From what I understand of your code, you are trying to find every word in the dictionary in the document list.
Hence, you are making N*M comparisons, where N is the number of words (in the dictionary with integers) and M is the number of documents in the document list. Instantiating to your values, you are trying to calculate 10^6 * 5*10^5 comparisons which is 5*10^11. Unfeasible.
Why not create a mutable map with all the integers in the dictionary as keys (1000000 ints in memory is roughly 3.8M from my measurements) and pass through the document list only once, where for each document you extract the integers and increment the respective count values in the map (for which the integer is key).
Something like this:
import collection.mutable.Map
import scala.util.Random._
val maxValue = 1000000
val documents = collection.mutable.Map[String,List[(Int,Int)]]()
// util function just to insert fake input; disregard
def provideRandom(key:String) ={ (1 to nextInt(4)).foreach(_ => documents.put(key,(nextInt(maxValue),nextInt(maxValue)) :: documents.getOrElse(key,Nil)))}
// inserting fake documents into our fake Document map
(1 to 500000).foreach(_ => {val key = nextString(5); provideRandom(key)})
// word count map
val wCount = collection.mutable.Map[Int,Int]()
// Counting the numbers and incrementing them in the map
documents.foreach(doc => doc._2.foreach(k => wCount.put(k._1, (wCount.getOrElse(k._1,0)+1))))
scala> wCount
res5: scala.collection.mutable.Map[Int,Int] = Map(188858 -> 1, 178569 -> 2, 437576 -> 2, 660074 -> 2, 271888 -> 2, 721076 -> 1, 577416 -> 1, 77760 -> 2, 67471 -> 1, 804106 -> 2, 185283 -> 1, 41623 -> 1, 943946 -> 1, 778258 -> 2...
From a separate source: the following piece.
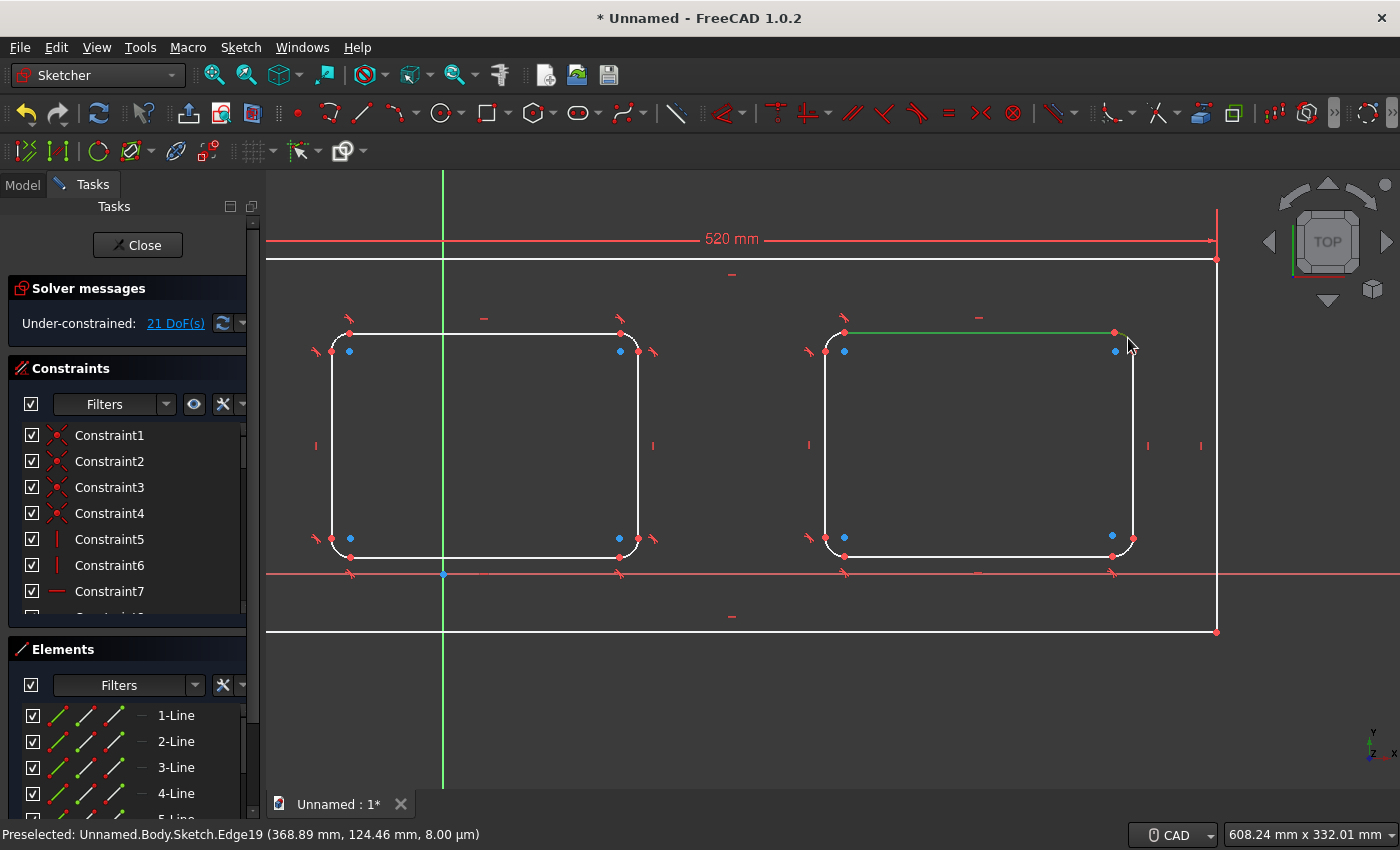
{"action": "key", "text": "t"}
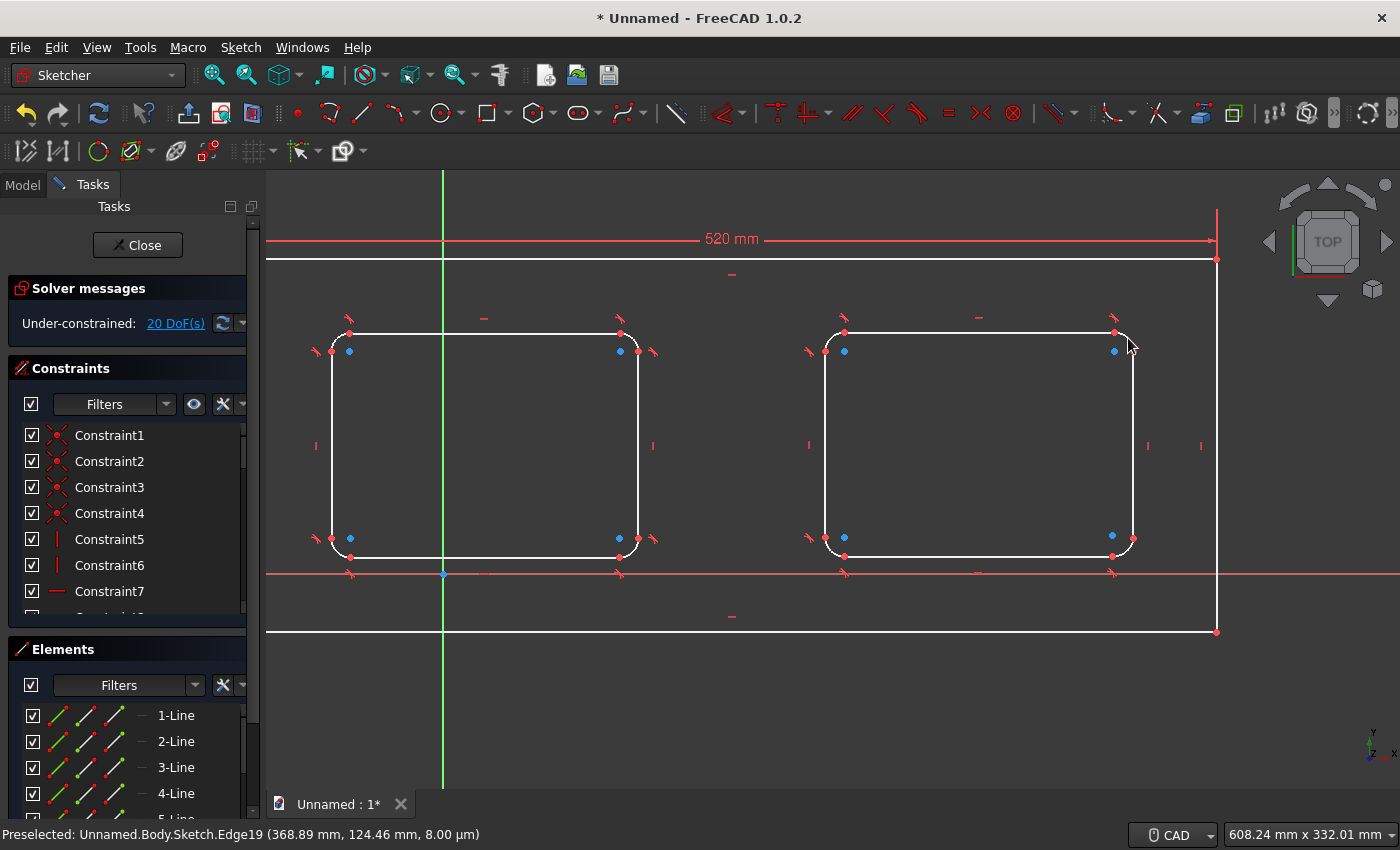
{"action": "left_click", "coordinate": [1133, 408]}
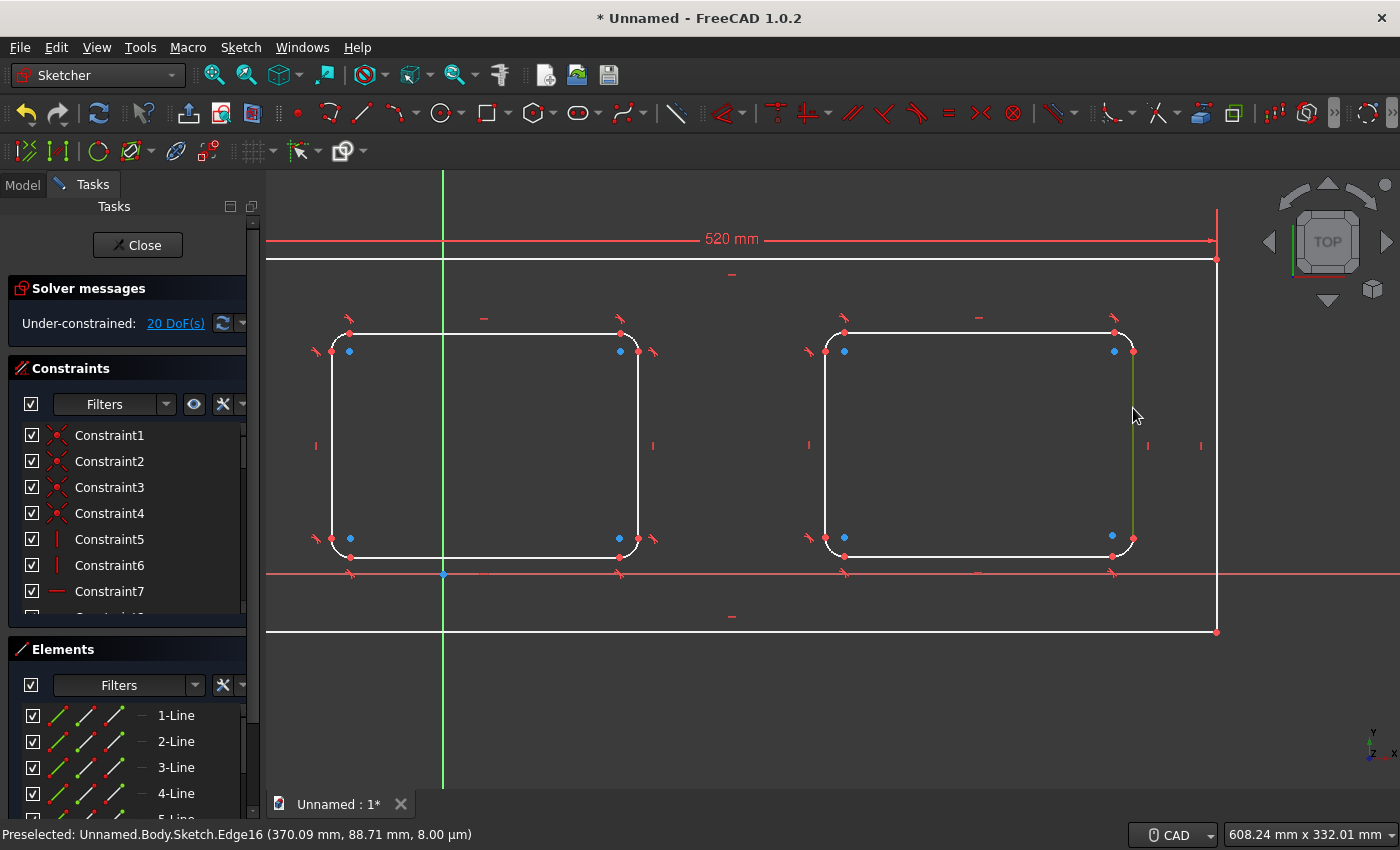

the result is a map with its keys being a number in the dict and the value the number of times it appears in the document list
This is oversimplified since
I dont verify if the number exists in the dictionary, although you only need to init the map with the values and then increment the value in the final map if it has that key;
I dont do IO, which speeds up the whole thing
This way you only pass through the documents once, which makes the task feasible again.